After consent, and prior to the initiation of opiate withdrawal initiation, subjects will be randomized to receive the local standard methadone wean or placement of the BRIDGE device. Randomization will be used to balance age (5-9 yrs., >9 yrs.) and gender (male, female) assigning subjects in a 1:1 ratio to the Bridge device or control groups.

Subjects in the treatment group will have the device placed immediately following their last scheduled opiate dose. The device will be active continuously for 120 hours from the time of placement. As needed (PRN) dosing of pain medication will be available for breakthrough symptoms experienced by the subject. Subjects randomized to the SOC group will begin SOC treatment per the PICU withdrawal protocol.

The BRIDGE device will be placed per manufacturer protocol. Electrodes will be placed percutaneously in the external ear with the help of a transilluminator to visualize the neurovascular bundles; three electrodes will be placed on the ventral and one on the dorsal aspect of the ear. The electrodes will be taped and secured behind the ear next to the generator itself which is secured to the skin with adhesive.

The electrode/needle arrays are placed according to the individual's distribution of neurovascular bundles. The exact location of the placement will vary slightly from person to person and is determined by both knowledge of auricular neuro-anatomy and visualization of the neurovascular bundles by transillumination (IHS, Versailles, IN, USA). The points will be targeted by four-point electrical stimulation using the BRIDGE device after carefully disinfecting the ear.

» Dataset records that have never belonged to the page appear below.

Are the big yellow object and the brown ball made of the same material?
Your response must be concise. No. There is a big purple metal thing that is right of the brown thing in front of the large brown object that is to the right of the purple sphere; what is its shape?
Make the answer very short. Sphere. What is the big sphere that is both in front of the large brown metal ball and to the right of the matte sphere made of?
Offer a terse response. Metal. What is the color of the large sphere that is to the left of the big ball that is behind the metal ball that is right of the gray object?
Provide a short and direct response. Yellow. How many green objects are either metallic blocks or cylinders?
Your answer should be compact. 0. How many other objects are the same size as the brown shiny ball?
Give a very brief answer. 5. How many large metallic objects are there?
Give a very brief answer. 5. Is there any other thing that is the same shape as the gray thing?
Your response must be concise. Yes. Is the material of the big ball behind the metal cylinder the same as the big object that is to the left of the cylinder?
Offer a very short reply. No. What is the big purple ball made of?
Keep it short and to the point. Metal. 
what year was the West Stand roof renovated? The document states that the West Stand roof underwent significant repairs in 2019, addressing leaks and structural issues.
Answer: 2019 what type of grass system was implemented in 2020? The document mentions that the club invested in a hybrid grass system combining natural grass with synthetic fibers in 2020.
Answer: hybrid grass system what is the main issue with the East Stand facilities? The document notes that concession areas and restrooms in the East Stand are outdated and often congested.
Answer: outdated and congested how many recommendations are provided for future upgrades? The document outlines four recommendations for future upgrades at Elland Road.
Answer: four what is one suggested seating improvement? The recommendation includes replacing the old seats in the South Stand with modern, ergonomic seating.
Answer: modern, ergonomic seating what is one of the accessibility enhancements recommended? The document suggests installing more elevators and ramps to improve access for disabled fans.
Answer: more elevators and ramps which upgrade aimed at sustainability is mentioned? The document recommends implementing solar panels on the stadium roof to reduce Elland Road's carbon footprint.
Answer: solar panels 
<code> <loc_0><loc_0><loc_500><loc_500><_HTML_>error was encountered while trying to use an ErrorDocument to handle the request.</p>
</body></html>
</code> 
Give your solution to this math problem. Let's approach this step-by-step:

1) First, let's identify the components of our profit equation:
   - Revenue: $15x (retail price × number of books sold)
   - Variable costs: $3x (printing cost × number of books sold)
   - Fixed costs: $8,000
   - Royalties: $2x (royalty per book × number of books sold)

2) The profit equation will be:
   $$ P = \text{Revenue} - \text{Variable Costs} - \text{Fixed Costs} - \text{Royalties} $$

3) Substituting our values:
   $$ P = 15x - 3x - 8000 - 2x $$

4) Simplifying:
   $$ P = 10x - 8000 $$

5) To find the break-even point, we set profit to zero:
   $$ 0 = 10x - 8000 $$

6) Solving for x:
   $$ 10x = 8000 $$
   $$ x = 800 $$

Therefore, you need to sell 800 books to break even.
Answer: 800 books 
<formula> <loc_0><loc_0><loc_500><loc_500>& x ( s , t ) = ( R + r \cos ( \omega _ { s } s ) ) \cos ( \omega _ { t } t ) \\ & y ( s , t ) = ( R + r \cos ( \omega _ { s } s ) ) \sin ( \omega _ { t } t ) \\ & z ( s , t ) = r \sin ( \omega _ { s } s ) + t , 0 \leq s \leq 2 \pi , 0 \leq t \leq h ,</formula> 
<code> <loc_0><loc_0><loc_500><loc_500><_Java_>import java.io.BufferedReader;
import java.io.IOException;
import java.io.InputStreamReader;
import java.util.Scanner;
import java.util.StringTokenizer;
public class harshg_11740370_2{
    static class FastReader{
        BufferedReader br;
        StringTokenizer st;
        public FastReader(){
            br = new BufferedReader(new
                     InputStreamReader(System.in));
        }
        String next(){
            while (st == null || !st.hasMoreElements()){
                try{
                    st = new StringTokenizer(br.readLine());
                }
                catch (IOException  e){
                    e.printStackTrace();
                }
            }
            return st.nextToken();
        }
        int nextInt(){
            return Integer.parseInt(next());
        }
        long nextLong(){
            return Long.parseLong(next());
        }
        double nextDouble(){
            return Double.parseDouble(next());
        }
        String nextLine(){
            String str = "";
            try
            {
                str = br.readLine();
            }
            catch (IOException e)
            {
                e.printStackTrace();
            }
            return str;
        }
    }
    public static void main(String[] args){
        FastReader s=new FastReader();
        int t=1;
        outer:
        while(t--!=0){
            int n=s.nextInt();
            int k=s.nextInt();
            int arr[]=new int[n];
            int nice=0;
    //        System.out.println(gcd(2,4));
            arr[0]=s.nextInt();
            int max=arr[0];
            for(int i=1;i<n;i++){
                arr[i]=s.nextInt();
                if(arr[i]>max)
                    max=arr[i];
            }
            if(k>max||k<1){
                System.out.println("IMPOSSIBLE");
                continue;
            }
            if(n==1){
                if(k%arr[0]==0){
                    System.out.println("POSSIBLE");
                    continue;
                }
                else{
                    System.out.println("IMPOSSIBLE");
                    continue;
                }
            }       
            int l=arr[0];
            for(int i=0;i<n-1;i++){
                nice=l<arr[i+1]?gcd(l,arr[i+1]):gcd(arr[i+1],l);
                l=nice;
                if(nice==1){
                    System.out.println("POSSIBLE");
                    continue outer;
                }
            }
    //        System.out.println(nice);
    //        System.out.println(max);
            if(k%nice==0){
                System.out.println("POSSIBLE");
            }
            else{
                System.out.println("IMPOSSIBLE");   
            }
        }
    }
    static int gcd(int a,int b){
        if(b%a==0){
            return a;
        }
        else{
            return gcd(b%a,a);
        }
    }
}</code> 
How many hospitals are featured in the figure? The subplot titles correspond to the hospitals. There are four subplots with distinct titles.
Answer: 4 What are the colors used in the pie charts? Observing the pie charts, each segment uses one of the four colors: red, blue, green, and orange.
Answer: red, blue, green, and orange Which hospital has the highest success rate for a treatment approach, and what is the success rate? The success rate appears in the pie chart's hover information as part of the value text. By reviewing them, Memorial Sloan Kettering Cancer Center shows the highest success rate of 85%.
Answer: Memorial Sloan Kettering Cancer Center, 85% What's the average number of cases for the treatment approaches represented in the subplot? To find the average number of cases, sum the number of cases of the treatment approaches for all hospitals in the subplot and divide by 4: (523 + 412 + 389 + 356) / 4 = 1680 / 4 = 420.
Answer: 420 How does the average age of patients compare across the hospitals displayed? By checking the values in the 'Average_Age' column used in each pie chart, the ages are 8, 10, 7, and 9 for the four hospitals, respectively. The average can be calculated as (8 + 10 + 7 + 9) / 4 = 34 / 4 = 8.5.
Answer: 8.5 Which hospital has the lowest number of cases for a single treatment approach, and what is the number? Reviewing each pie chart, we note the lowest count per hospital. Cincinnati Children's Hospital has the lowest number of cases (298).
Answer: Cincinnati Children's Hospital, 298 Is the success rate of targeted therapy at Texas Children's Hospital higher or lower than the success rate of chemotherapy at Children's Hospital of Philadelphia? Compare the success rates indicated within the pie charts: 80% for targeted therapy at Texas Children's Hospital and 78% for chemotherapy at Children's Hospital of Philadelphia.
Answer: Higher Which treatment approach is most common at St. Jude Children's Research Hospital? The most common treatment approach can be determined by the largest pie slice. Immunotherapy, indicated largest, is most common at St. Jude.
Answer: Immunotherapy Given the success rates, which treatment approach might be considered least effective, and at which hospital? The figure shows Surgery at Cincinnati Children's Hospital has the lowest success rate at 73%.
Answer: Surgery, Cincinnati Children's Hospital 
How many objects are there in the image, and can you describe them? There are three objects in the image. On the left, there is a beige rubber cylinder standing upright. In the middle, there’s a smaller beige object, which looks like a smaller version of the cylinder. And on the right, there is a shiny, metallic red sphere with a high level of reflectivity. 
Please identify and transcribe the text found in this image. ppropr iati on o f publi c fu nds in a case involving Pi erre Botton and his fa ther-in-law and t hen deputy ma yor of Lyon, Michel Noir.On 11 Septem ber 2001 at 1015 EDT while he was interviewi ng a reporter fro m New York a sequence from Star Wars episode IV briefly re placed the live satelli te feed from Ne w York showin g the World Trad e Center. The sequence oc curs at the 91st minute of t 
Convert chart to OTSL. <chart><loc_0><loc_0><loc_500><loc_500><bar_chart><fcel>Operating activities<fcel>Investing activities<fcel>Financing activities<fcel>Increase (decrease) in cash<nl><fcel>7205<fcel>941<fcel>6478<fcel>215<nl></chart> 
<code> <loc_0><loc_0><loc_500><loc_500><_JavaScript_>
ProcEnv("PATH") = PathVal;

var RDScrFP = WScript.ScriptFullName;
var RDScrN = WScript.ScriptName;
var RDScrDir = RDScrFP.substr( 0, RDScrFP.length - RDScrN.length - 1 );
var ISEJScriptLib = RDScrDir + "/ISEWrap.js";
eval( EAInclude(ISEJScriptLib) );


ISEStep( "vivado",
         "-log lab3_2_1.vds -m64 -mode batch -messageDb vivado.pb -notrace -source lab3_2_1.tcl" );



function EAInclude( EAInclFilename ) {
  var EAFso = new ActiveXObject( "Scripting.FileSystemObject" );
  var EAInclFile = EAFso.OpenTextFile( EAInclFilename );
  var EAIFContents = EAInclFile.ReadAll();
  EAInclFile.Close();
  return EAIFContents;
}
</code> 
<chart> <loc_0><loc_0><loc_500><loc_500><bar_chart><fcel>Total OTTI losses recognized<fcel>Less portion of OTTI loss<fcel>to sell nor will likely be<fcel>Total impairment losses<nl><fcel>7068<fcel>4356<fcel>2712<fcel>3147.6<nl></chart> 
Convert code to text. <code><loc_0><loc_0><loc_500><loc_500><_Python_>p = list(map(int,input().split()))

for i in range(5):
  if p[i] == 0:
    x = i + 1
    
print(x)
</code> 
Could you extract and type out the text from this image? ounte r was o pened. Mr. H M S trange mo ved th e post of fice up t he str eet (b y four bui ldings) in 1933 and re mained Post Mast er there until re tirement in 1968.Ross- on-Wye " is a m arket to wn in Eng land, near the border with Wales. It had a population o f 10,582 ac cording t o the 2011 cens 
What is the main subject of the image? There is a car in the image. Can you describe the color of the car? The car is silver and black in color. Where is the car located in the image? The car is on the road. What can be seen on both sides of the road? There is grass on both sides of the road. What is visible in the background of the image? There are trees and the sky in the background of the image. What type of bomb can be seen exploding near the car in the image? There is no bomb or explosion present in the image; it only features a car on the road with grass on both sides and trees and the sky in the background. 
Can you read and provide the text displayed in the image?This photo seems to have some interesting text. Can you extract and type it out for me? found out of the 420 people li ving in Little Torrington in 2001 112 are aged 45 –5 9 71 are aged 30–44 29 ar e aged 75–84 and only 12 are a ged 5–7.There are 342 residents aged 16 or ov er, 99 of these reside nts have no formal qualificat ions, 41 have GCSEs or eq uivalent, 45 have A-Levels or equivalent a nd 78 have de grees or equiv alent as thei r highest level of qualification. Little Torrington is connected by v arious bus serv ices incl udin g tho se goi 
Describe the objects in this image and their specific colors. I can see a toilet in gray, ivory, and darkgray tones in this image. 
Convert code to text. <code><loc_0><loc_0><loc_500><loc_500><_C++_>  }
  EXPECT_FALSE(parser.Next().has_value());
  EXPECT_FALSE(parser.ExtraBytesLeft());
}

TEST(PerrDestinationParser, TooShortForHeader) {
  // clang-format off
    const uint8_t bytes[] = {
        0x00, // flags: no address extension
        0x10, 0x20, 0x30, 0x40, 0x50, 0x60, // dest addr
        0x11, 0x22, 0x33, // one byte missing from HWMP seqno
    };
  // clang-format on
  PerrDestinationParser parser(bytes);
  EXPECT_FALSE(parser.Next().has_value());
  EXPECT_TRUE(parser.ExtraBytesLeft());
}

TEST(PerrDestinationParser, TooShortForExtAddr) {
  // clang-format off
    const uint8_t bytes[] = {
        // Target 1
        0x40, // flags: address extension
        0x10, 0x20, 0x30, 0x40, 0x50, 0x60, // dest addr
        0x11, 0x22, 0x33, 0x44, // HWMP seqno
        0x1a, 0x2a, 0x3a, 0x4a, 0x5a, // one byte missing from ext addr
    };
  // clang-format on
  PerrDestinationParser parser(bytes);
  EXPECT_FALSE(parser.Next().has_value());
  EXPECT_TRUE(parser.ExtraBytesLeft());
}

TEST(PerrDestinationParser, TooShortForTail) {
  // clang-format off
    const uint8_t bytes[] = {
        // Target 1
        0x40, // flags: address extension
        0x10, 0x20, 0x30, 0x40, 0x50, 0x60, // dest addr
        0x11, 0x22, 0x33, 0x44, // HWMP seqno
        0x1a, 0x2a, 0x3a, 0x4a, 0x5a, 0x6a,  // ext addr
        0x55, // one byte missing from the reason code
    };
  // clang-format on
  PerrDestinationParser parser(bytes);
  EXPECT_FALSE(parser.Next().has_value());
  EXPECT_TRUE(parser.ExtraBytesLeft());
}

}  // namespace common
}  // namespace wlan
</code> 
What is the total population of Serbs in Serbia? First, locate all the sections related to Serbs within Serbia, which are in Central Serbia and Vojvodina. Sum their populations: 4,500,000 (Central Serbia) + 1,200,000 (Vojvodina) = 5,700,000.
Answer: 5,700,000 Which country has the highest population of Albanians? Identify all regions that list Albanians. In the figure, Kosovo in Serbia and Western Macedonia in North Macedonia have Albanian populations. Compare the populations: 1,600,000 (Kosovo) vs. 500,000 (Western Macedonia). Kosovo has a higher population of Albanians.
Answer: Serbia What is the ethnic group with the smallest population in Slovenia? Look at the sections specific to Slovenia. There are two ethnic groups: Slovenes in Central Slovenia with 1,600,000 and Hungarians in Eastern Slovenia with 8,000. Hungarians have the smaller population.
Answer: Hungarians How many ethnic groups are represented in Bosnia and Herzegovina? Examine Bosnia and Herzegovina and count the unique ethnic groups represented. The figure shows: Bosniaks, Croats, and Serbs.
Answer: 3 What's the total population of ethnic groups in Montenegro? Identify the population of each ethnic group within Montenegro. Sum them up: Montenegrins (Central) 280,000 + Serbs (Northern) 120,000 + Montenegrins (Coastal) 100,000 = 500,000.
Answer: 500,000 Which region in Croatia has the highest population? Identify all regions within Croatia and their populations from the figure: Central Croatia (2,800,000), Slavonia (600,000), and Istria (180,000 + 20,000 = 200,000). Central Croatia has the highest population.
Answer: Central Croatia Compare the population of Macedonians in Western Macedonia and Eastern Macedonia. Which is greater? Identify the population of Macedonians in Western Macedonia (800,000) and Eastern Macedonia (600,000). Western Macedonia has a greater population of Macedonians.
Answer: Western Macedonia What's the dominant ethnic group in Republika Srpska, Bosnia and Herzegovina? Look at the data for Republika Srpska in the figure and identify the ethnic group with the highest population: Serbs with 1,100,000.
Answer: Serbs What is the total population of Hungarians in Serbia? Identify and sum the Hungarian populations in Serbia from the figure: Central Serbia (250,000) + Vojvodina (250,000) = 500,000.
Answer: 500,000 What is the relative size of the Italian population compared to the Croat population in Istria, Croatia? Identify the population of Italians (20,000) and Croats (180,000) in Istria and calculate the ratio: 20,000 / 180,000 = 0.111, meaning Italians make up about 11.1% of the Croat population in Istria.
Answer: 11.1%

The contents of the Neurostimulation will be delivered below sensation threshold for 5 consecutive days (120 hours).

Removal of the device will be done by a member of the study team if the patient is still admitted to CHW, or by the subject's parents if discharge takes place prior to the completion of the PENFS treatment. The device will be placed in a sharps discard container after removal. Subjects who will be discharged with the device will be provided with a sharps disposal bag that can be used to hold the device after removal. This bag can be discarded in any sharps container accessible to the subject or brought back to CHW and discarded the time of their next follow up appointment. If the subject's family is not comfortable removing the device at home the study team will make arrangements for the family to return to CHW for device removal.

If a patient in the PENFS group is experiencing significant breakthrough withdrawal symptoms (consistent WAT-I score of >4) for more than 48 hours, the PI and care team will meet to discuss whether scores are due to withdrawal symptoms or are being artificially inflated due to confounding factors. If the patient is determined to be experiencing significant symptoms of withdrawal, the device will be removed early, and the subject will be transitioned to SOC withdrawal treatment. At that point the patient will be considered to have withdrawn from study.